No, they clearly aren't.


----------



## rtwjunkie (Feb 29, 2016)

medi01 said:


> It sucks when they play dirty, the way nVidia does.



That plus all the simar comments.  What I find amusing is that you are so very naive to imagine AMD are somehow a model company.  

Frankly, your idealized and warped view of the business world does nothing but show you to be out of your element. You expect perfection and exaggerate the negatives, with normal business practices being blown up into a nefarious scheme to spread "evil".

LMFAO


----------



## medi01 (Feb 29, 2016)

rtwjunkie said:


> I find amusing is that you are so very naive to imagine AMD are somehow a model company.


Strong arm politics works only if you have dominant market position. AMD, being a permanent underdog, can not do such things even if it wanted to, it doesn't mean they wouldn't if they could.



rtwjunkie said:


> ...normal business practices...


Normal? As "everyone does it"? Or "the way it should be"? Or "I don't give a flying f**k?
Make up your mind.

There are countries where "normal" things nVidia did to XFX are illegal.


----------



## HumanSmoke (Feb 29, 2016)

Frick said:


> Yeah I know but I meant a series of them. It might have been Mars I was thinking about.. For some reason I was thinking about Sapphire.


The only Sapphire premium dual-GPU cards I can think of was the Toxic version of the HD 5970 - they and XFX released fairly pricey 4GB versions, and the HD 4870 X2 Atomic.


medi01 said:


> Talking about arguments lost on opponents, ironic.

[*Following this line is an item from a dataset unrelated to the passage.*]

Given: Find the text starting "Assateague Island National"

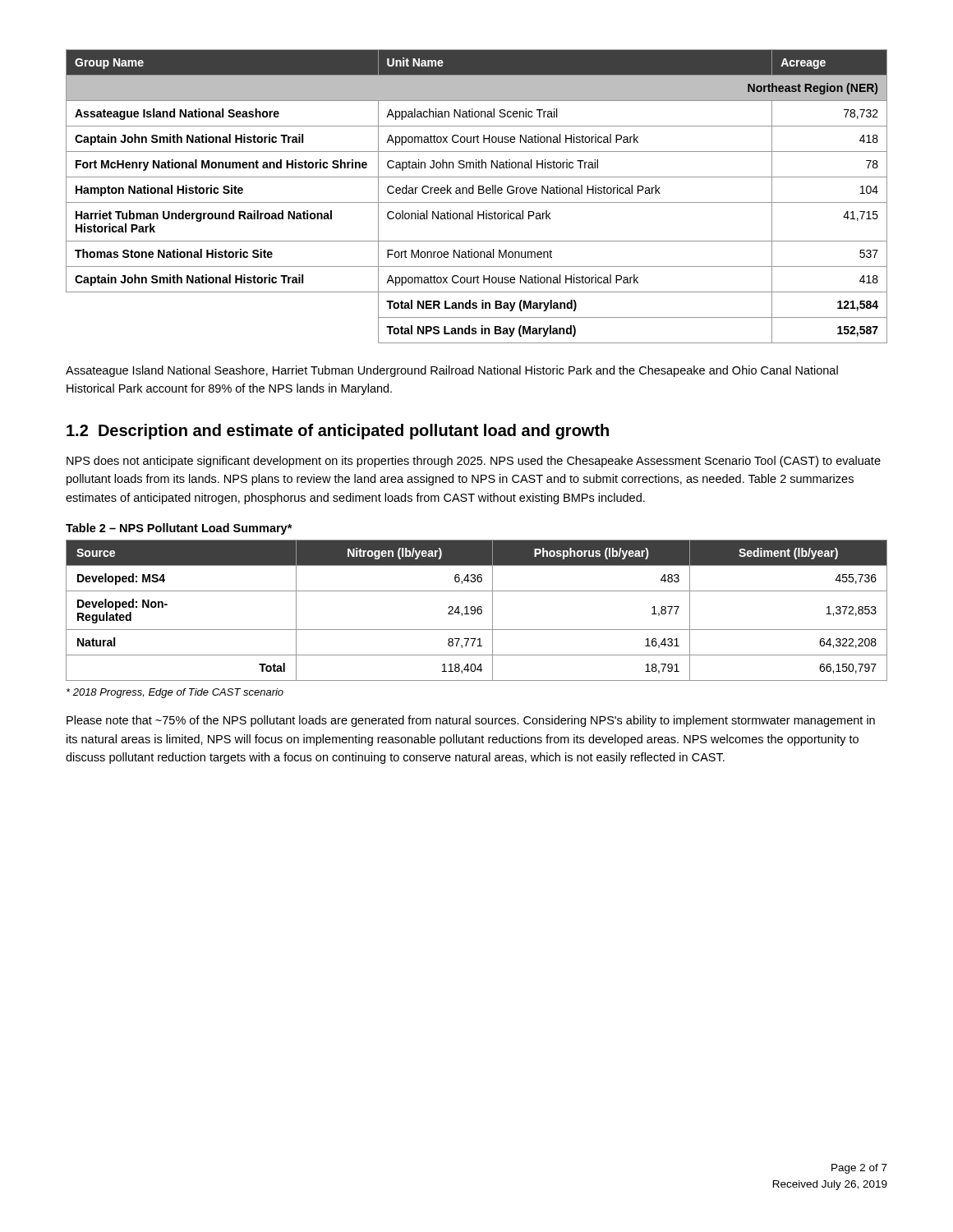Looking at the screenshot, I should pyautogui.click(x=452, y=380).
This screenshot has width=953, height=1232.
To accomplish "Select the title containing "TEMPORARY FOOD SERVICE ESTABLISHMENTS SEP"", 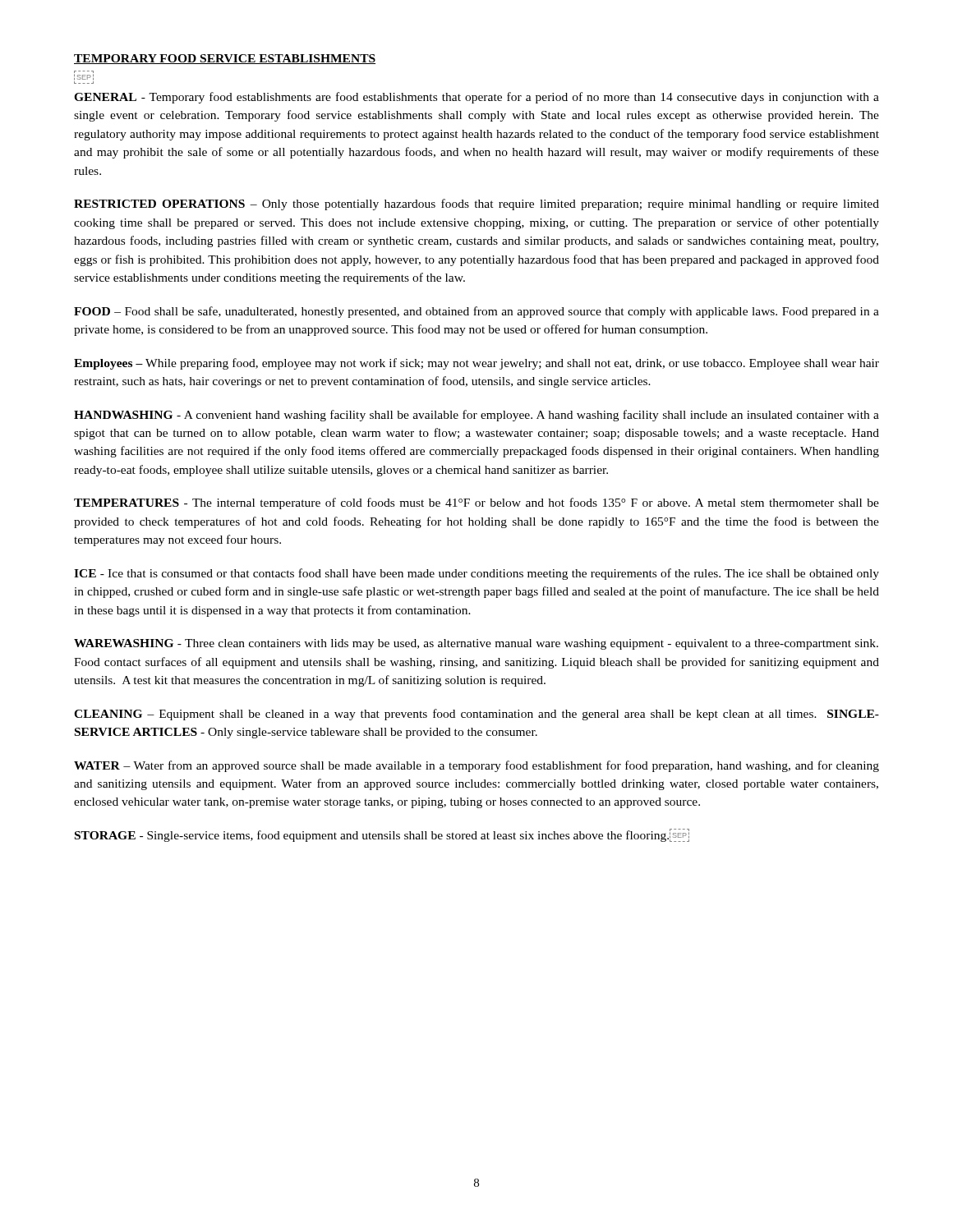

It's not irony. You are the only one involved in the argument you are making.


medi01 said:


> A company does NOT need to strong arm journalists and suppliers to build great products.
> A company does NOT need to force proprietary APIs to build great products.


That has absolutely nothing to do with the points being made by me and others. You are right, Nvidia and Intel don't have to do these things to build great products. It is also a *FACT* that both Intel and Nvidia are the respective market leaders based on a strategies that DO leverage these practices among other facets of their business. Whether they NEED to or not is immaterial to the point being made. It is a part of historical fact that it is part of how they got where they are. You can argue all day about the rights and wrongs but it has no bearing on the fact that they are in the position they occupy. Squealing about injustice doesn't retroactively change the totals in the account books.


medi01 said:


> You referred to shitty practices as if they were something good (for customers) and worth following.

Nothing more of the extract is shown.